##### DATA RECORDS

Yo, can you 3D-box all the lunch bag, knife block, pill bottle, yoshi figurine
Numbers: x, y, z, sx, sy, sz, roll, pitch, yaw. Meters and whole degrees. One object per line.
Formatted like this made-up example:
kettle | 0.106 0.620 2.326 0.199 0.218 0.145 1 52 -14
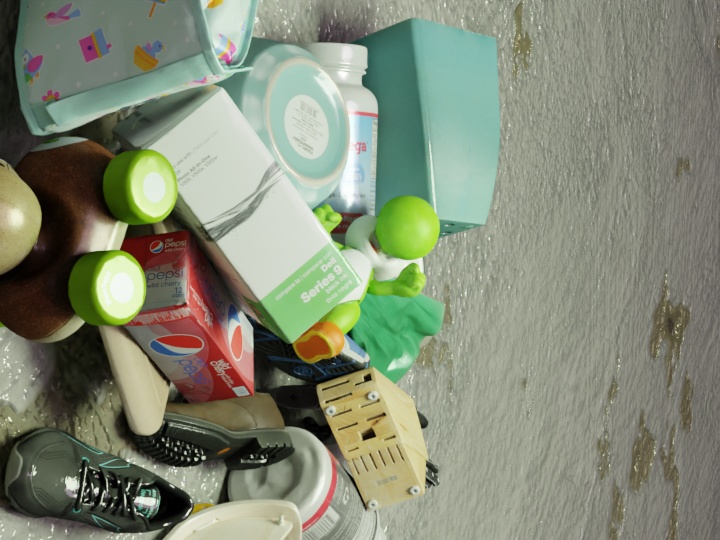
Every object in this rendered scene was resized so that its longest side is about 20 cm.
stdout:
lunch bag | -0.172 -0.191 1.226 0.201 0.169 0.122 -91 160 -44
knife block | 0.023 0.156 1.654 0.176 0.063 0.201 -86 154 -64
pill bottle | -0.037 -0.124 1.601 0.108 0.108 0.202 -4 96 -61
yoshi figurine | 0.003 -0.010 1.478 0.200 0.111 0.113 -44 135 -37
pill bottle | -0.045 0.250 1.622 0.200 0.110 0.112 54 47 -50

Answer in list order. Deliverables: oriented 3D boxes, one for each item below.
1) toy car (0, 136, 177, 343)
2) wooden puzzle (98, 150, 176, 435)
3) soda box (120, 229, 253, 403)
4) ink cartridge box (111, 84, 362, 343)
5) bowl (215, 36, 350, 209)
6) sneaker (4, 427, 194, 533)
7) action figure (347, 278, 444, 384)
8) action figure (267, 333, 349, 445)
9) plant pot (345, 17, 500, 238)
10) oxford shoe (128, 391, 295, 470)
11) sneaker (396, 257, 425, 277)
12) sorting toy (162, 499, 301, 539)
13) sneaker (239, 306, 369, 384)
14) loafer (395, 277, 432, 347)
toy car | -0.265 -0.053 1.152 0.200 0.163 0.159 36 61 -43
wooden puzzle | -0.192 0.014 1.359 0.201 0.037 0.187 -79 159 -61
soda box | -0.143 0.042 1.329 0.200 0.063 0.071 65 20 -62
ink cartridge box | -0.103 -0.053 1.298 0.084 0.146 0.201 -39 110 -9
bowl | -0.084 -0.127 1.442 0.200 0.104 0.203 13 73 -48
sneaker | -0.216 0.178 1.333 0.200 0.079 0.076 28 69 -58
action figure | 0.003 0.035 1.613 0.119 0.054 0.200 -59 140 -12
action figure | -0.034 0.116 1.682 0.200 0.069 0.132 23 65 -64
plant pot | 0.059 -0.138 1.674 0.141 0.141 0.202 5 76 -47
oxford shoe | -0.147 0.136 1.485 0.199 0.072 0.085 16 51 -55
sneaker | 0.005 -0.043 1.745 0.115 0.075 0.203 -10 94 -52
sorting toy | -0.141 0.334 1.480 0.200 0.106 0.182 -44 138 -52
sneaker | -0.068 0.049 1.543 0.199 0.075 0.078 30 48 -31
loafer | 0.007 0.024 1.704 0.199 0.063 0.072 29 98 -46

##########

(TASK STATEMENT)
Give back only the lines from the one containing "7) action figure (347, 278, 444, 384)" through the final line of the entries above, exactly as written, both included.

(YOUR RESPONSE)
7) action figure (347, 278, 444, 384)
8) action figure (267, 333, 349, 445)
9) plant pot (345, 17, 500, 238)
10) oxford shoe (128, 391, 295, 470)
11) sneaker (396, 257, 425, 277)
12) sorting toy (162, 499, 301, 539)
13) sneaker (239, 306, 369, 384)
14) loafer (395, 277, 432, 347)
toy car | -0.265 -0.053 1.152 0.200 0.163 0.159 36 61 -43
wooden puzzle | -0.192 0.014 1.359 0.201 0.037 0.187 -79 159 -61
soda box | -0.143 0.042 1.329 0.200 0.063 0.071 65 20 -62
ink cartridge box | -0.103 -0.053 1.298 0.084 0.146 0.201 -39 110 -9
bowl | -0.084 -0.127 1.442 0.200 0.104 0.203 13 73 -48
sneaker | -0.216 0.178 1.333 0.200 0.079 0.076 28 69 -58
action figure | 0.003 0.035 1.613 0.119 0.054 0.200 -59 140 -12
action figure | -0.034 0.116 1.682 0.200 0.069 0.132 23 65 -64
plant pot | 0.059 -0.138 1.674 0.141 0.141 0.202 5 76 -47
oxford shoe | -0.147 0.136 1.485 0.199 0.072 0.085 16 51 -55
sneaker | 0.005 -0.043 1.745 0.115 0.075 0.203 -10 94 -52
sorting toy | -0.141 0.334 1.480 0.200 0.106 0.182 -44 138 -52
sneaker | -0.068 0.049 1.543 0.199 0.075 0.078 30 48 -31
loafer | 0.007 0.024 1.704 0.199 0.063 0.072 29 98 -46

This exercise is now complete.